** Opening Provided data block **

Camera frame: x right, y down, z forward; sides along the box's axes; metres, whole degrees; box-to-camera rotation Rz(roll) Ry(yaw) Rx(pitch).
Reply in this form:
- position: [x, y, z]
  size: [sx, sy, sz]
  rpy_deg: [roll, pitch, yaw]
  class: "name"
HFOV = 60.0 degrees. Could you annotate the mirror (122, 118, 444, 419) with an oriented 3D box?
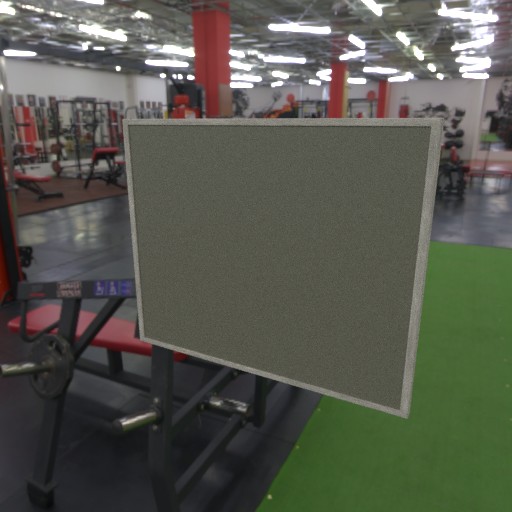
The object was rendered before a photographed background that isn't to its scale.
- position: [0.000, 0.000, 1.161]
  size: [0.839, 0.689, 0.028]
  rpy_deg: [9, 19, 27]
  class: "mirror"
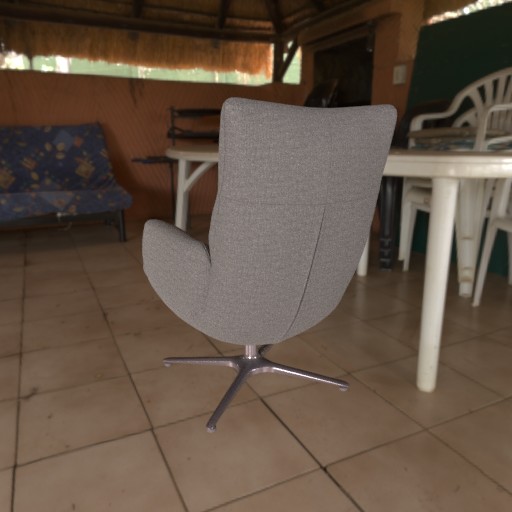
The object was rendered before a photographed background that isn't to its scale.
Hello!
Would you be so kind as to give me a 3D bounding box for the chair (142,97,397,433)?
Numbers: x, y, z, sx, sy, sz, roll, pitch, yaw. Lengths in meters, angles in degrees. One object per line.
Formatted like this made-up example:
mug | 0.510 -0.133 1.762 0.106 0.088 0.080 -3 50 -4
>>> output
chair | 0.000 0.000 1.564 0.702 0.984 0.831 -7 16 -26
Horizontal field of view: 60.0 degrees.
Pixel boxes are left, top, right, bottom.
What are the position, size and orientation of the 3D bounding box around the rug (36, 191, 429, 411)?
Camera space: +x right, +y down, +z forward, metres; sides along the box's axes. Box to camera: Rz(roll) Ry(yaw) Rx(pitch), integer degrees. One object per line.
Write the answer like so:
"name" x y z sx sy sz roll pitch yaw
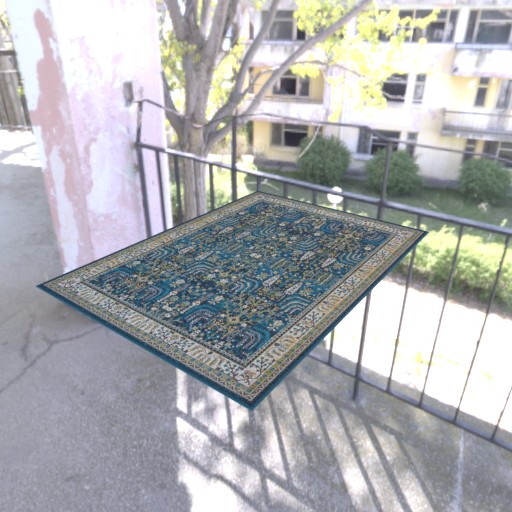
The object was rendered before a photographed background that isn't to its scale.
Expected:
"rug" 0.000 0.000 4.114 2.226 0.015 3.044 19 32 32
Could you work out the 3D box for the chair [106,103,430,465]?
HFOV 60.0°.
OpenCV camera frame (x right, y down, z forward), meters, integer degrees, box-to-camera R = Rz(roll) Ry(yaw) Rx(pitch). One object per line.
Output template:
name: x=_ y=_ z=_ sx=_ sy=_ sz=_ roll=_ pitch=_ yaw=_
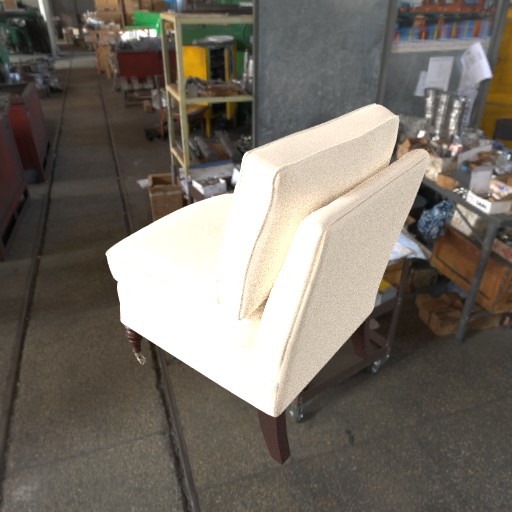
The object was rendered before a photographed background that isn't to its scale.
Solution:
chair: x=0.000 y=0.000 z=1.393 sx=0.781 sy=0.887 sz=0.630 roll=21 pitch=37 yaw=32
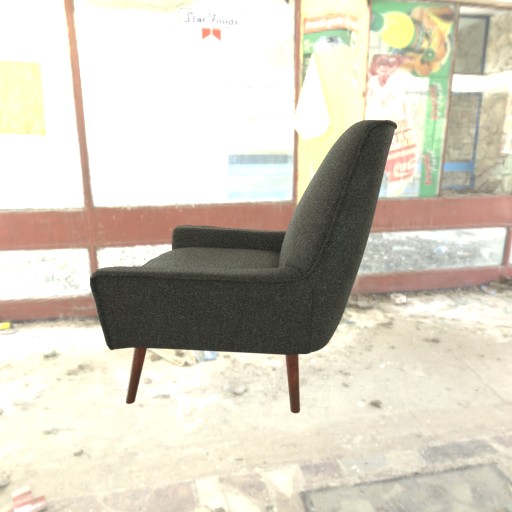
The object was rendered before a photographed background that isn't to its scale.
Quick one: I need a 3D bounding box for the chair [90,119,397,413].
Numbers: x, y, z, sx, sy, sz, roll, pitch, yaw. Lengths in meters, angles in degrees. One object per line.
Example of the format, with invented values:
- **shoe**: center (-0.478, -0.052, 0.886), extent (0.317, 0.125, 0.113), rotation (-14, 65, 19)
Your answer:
- **chair**: center (0.000, 0.000, 1.527), extent (0.859, 0.883, 0.763), rotation (2, 14, 9)
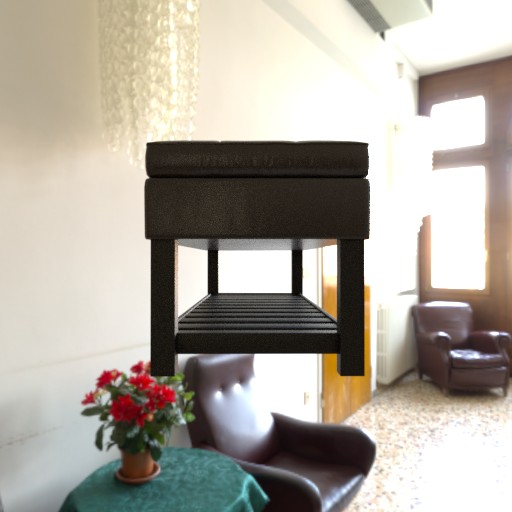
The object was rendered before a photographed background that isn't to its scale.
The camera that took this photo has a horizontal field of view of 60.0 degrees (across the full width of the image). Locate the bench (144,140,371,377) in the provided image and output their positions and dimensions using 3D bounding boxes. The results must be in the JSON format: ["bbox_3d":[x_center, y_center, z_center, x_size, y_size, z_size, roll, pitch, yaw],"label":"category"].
[{"bbox_3d":[0.000,0.000,1.370,0.432,0.460,1.105,0,0,0],"label":"bench"}]
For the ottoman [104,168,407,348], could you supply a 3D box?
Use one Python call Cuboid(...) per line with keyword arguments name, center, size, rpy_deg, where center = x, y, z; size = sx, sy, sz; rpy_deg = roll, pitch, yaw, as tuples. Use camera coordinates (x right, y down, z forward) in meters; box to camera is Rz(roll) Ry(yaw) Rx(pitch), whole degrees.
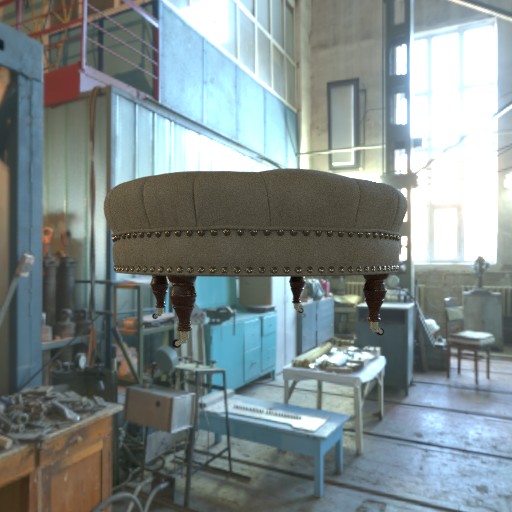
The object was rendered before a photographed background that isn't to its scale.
Cuboid(name="ottoman", center=(0.000, 0.000, 1.385), size=(0.901, 0.439, 0.901), rpy_deg=(0, -1, 0))
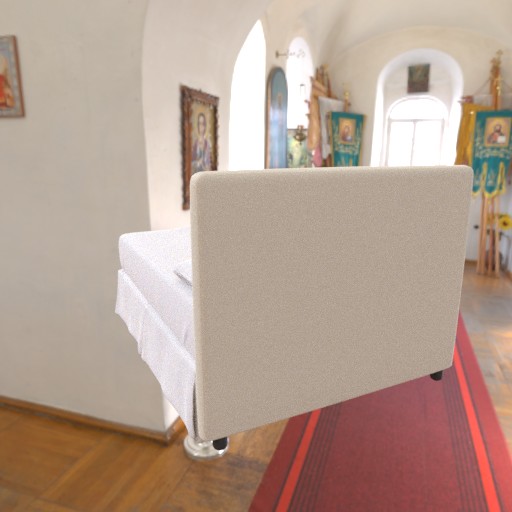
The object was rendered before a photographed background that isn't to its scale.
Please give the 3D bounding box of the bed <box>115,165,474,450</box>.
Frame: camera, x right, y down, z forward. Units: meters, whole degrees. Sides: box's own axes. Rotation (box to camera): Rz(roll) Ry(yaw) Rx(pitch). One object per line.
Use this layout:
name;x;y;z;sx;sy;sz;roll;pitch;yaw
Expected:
bed;0.000;0.000;3.176;1.714;1.330;2.147;-7;15;-26
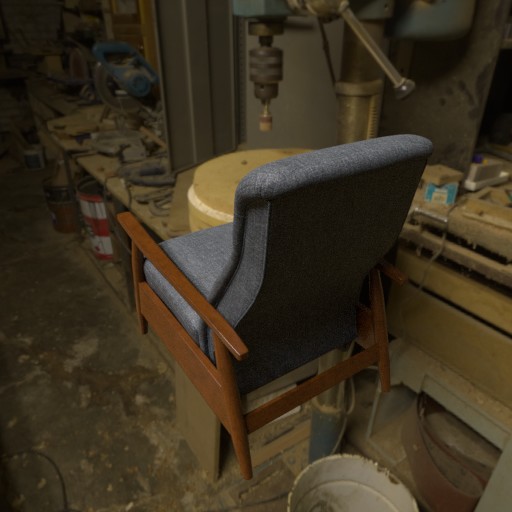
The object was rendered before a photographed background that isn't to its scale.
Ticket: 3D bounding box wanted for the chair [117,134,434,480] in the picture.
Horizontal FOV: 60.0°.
[{"bbox_3d":[0.000,0.000,1.768,0.762,1.082,1.030,-19,34,-29],"label":"chair"}]
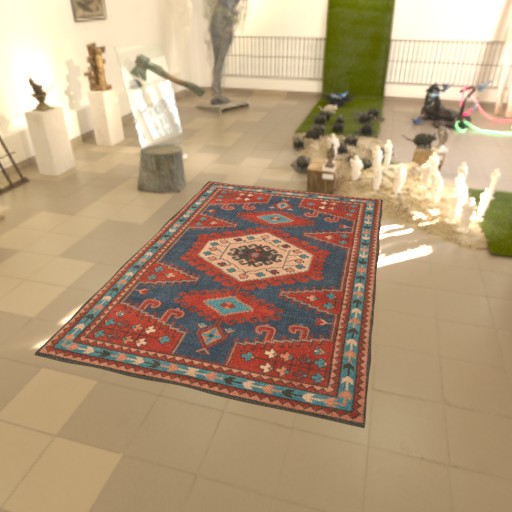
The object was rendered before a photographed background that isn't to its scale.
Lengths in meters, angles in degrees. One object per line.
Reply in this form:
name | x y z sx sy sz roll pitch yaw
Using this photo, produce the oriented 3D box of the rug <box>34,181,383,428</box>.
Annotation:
rug | 0.000 0.000 2.254 1.207 0.012 1.820 8 32 13
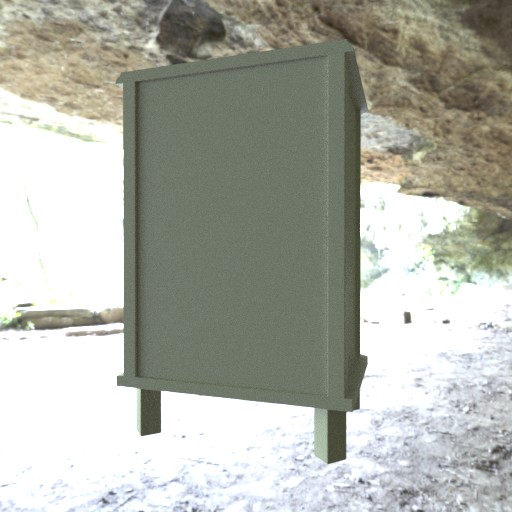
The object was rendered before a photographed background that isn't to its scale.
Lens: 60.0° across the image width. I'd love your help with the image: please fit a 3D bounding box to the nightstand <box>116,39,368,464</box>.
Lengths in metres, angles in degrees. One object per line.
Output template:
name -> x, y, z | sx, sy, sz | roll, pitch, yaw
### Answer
nightstand -> 0.000, 0.000, 0.925 | 0.435, 0.681, 0.351 | 0, 0, 18
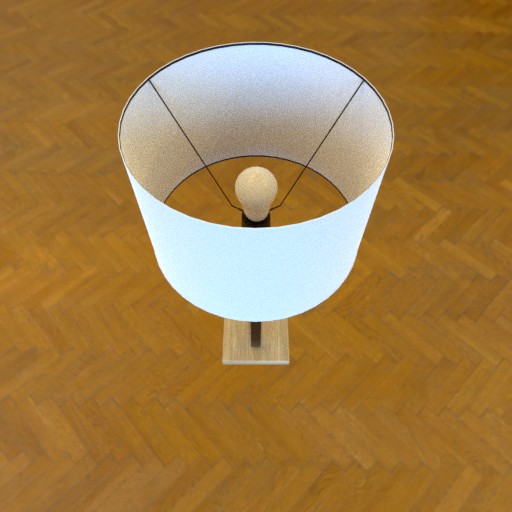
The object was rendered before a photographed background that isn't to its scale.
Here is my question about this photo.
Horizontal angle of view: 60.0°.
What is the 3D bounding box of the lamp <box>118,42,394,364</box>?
[{"bbox_3d":[0.000,0.000,0.665,0.279,0.508,0.279,0,57,0],"label":"lamp"}]
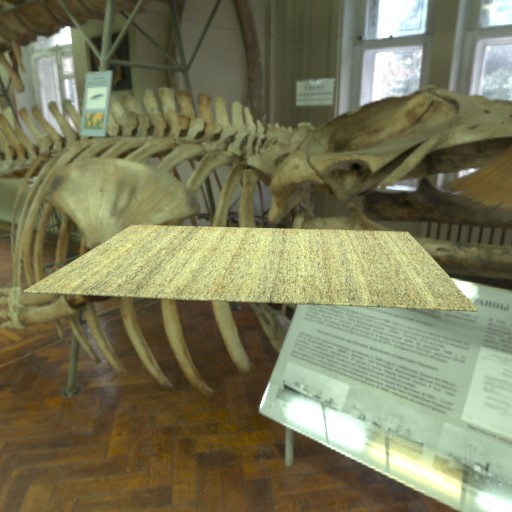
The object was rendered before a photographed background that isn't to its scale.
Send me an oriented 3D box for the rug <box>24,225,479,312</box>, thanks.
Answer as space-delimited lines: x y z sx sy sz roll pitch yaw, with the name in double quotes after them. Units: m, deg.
0.000 0.000 2.364 1.846 0.014 1.243 2 17 6 "rug"
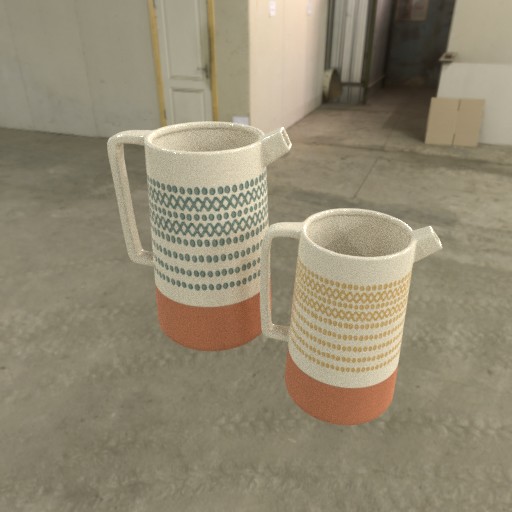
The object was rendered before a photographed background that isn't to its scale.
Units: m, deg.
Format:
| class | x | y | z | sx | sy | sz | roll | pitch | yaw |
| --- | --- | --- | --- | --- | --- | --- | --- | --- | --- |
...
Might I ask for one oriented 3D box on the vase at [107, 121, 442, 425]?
| class | x | y | z | sx | sy | sz | roll | pitch | yaw |
| --- | --- | --- | --- | --- | --- | --- | --- | --- | --- |
| vase | 0.000 | 0.000 | 0.468 | 0.168 | 0.247 | 0.326 | -22 | 36 | -33 |
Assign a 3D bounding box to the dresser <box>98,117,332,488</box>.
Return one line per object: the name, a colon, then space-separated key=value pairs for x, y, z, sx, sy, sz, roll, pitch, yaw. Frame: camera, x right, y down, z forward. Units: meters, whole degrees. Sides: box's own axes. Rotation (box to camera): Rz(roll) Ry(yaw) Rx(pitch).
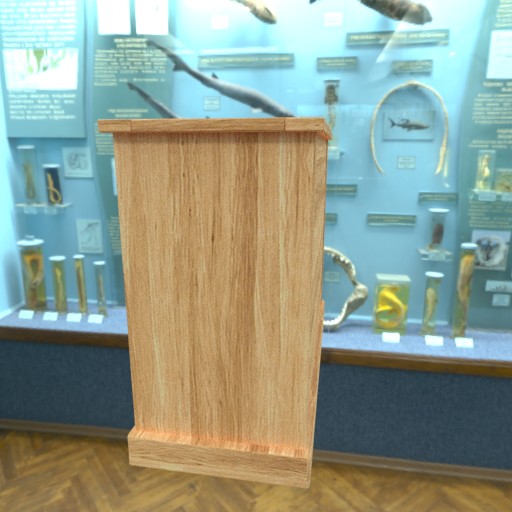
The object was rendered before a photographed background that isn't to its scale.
dresser: x=0.000 y=0.000 z=1.333 sx=0.410 sy=0.740 sz=0.990 roll=2 pitch=14 yaw=10

** Closing Provided data block **

What you are asked to do: Would you copy out every line of the data above exactly, minus the pictures?

Answer for this exercise:
Camera frame: x right, y down, z forward; sides along the box's axes; metres, whole degrees; box-to-camera rotation Rz(roll) Ry(yaw) Rx(pitch).
Reply in this form:
- position: [x, y, z]
  size: [sx, sy, sz]
  rpy_deg: [roll, pitch, yaw]
  class: "name"
HFOV = 60.0 degrees. Could you annotate the mirror (122, 118, 444, 419) with an oriented 3D box?
The object was rendered before a photographed background that isn't to its scale.
- position: [0.000, 0.000, 1.161]
  size: [0.839, 0.689, 0.028]
  rpy_deg: [9, 19, 27]
  class: "mirror"
The object was rendered before a photographed background that isn't to its scale.
Hello!
Would you be so kind as to give me a 3D bounding box for the chair (142,97,397,433)?
Numbers: x, y, z, sx, sy, sz, roll, pitch, yaw. Lengths in meters, angles in degrees. One object per line.
Formatted like this made-up example:
mug | 0.510 -0.133 1.762 0.106 0.088 0.080 -3 50 -4
>>> output
chair | 0.000 0.000 1.564 0.702 0.984 0.831 -7 16 -26
Horizontal field of view: 60.0 degrees.
Pixel boxes are left, top, right, bottom.
What are the position, size and orientation of the 3D bounding box around the rug (36, 191, 429, 411)?
Camera space: +x right, +y down, +z forward, metres; sides along the box's axes. Box to camera: Rz(roll) Ry(yaw) Rx(pitch), integer degrees. One object per line.
Write the answer like so:
"name" x y z sx sy sz roll pitch yaw
The object was rendered before a photographed background that isn't to its scale.
Expected:
"rug" 0.000 0.000 4.114 2.226 0.015 3.044 19 32 32
Could you work out the 3D box for the chair [106,103,430,465]?
HFOV 60.0°.
OpenCV camera frame (x right, y down, z forward), meters, integer degrees, box-to-camera R = Rz(roll) Ry(yaw) Rx(pitch). One object per line.
Output template:
name: x=_ y=_ z=_ sx=_ sy=_ sz=_ roll=_ pitch=_ yaw=_
The object was rendered before a photographed background that isn't to its scale.
Solution:
chair: x=0.000 y=0.000 z=1.393 sx=0.781 sy=0.887 sz=0.630 roll=21 pitch=37 yaw=32
The object was rendered before a photographed background that isn't to its scale.
Quick one: I need a 3D bounding box for the chair [90,119,397,413].
Numbers: x, y, z, sx, sy, sz, roll, pitch, yaw. Lengths in meters, angles in degrees. One object per line.
Example of the format, with invented values:
- **shoe**: center (-0.478, -0.052, 0.886), extent (0.317, 0.125, 0.113), rotation (-14, 65, 19)
Your answer:
- **chair**: center (0.000, 0.000, 1.527), extent (0.859, 0.883, 0.763), rotation (2, 14, 9)
The object was rendered before a photographed background that isn't to its scale.
The camera that took this photo has a horizontal field of view of 60.0 degrees (across the full width of the image). Locate the bench (144,140,371,377) in the provided image and output their positions and dimensions using 3D bounding boxes. The results must be in the JSON format: ["bbox_3d":[x_center, y_center, z_center, x_size, y_size, z_size, roll, pitch, yaw],"label":"category"].
[{"bbox_3d":[0.000,0.000,1.370,0.432,0.460,1.105,0,0,0],"label":"bench"}]
For the ottoman [104,168,407,348], could you supply a 3D box?
Use one Python call Cuboid(...) per line with keyword arguments name, center, size, rpy_deg, where center = x, y, z; size = sx, sy, sz; rpy_deg = roll, pitch, yaw, as tuples. Use camera coordinates (x right, y down, z forward) in meters; box to camera is Rz(roll) Ry(yaw) Rx(pitch), whole degrees.
The object was rendered before a photographed background that isn't to its scale.
Cuboid(name="ottoman", center=(0.000, 0.000, 1.385), size=(0.901, 0.439, 0.901), rpy_deg=(0, -1, 0))
The object was rendered before a photographed background that isn't to its scale.
Please give the 3D bounding box of the bed <box>115,165,474,450</box>.
Frame: camera, x right, y down, z forward. Units: meters, whole degrees. Sides: box's own axes. Rotation (box to camera): Rz(roll) Ry(yaw) Rx(pitch). One object per line.
Use this layout:
name;x;y;z;sx;sy;sz;roll;pitch;yaw
Expected:
bed;0.000;0.000;3.176;1.714;1.330;2.147;-7;15;-26
The object was rendered before a photographed background that isn't to its scale.
Ticket: 3D bounding box wanted for the chair [117,134,434,480] in the picture.
Horizontal FOV: 60.0°.
[{"bbox_3d":[0.000,0.000,1.768,0.762,1.082,1.030,-19,34,-29],"label":"chair"}]
The object was rendered before a photographed background that isn't to its scale.
Lengths in meters, angles in degrees. One object per line.
Reply in this form:
name | x y z sx sy sz roll pitch yaw
Using this photo, produce the oriented 3D box of the rug <box>34,181,383,428</box>.
Annotation:
rug | 0.000 0.000 2.254 1.207 0.012 1.820 8 32 13
The object was rendered before a photographed background that isn't to its scale.
Lens: 60.0° across the image width. I'd love your help with the image: please fit a 3D bounding box to the nightstand <box>116,39,368,464</box>.
Lengths in metres, angles in degrees. One object per line.
Output template:
name -> x, y, z | sx, sy, sz | roll, pitch, yaw
### Answer
nightstand -> 0.000, 0.000, 0.925 | 0.435, 0.681, 0.351 | 0, 0, 18
The object was rendered before a photographed background that isn't to its scale.
Here is my question about this photo.
Horizontal angle of view: 60.0°.
What is the 3D bounding box of the lamp <box>118,42,394,364</box>?
[{"bbox_3d":[0.000,0.000,0.665,0.279,0.508,0.279,0,57,0],"label":"lamp"}]
The object was rendered before a photographed background that isn't to its scale.
Send me an oriented 3D box for the rug <box>24,225,479,312</box>, thanks.
Answer as space-delimited lines: x y z sx sy sz roll pitch yaw, with the name in double quotes after them. Units: m, deg.
0.000 0.000 2.364 1.846 0.014 1.243 2 17 6 "rug"
The object was rendered before a photographed background that isn't to its scale.
Units: m, deg.
Format:
| class | x | y | z | sx | sy | sz | roll | pitch | yaw |
| --- | --- | --- | --- | --- | --- | --- | --- | --- | --- |
...
Might I ask for one oriented 3D box on the vase at [107, 121, 442, 425]?
| class | x | y | z | sx | sy | sz | roll | pitch | yaw |
| --- | --- | --- | --- | --- | --- | --- | --- | --- | --- |
| vase | 0.000 | 0.000 | 0.468 | 0.168 | 0.247 | 0.326 | -22 | 36 | -33 |
Assign a 3D bounding box to the dresser <box>98,117,332,488</box>.
Return one line per object: the name, a colon, then space-separated key=value pairs for x, y, z, sx, sy, sz, roll, pitch, yaw. Frame: camera, x right, y down, z forward. Units: meters, whole degrees. Sides: box's own axes. Rotation (box to camera): Rz(roll) Ry(yaw) Rx(pitch).
The object was rendered before a photographed background that isn't to its scale.
dresser: x=0.000 y=0.000 z=1.333 sx=0.410 sy=0.740 sz=0.990 roll=2 pitch=14 yaw=10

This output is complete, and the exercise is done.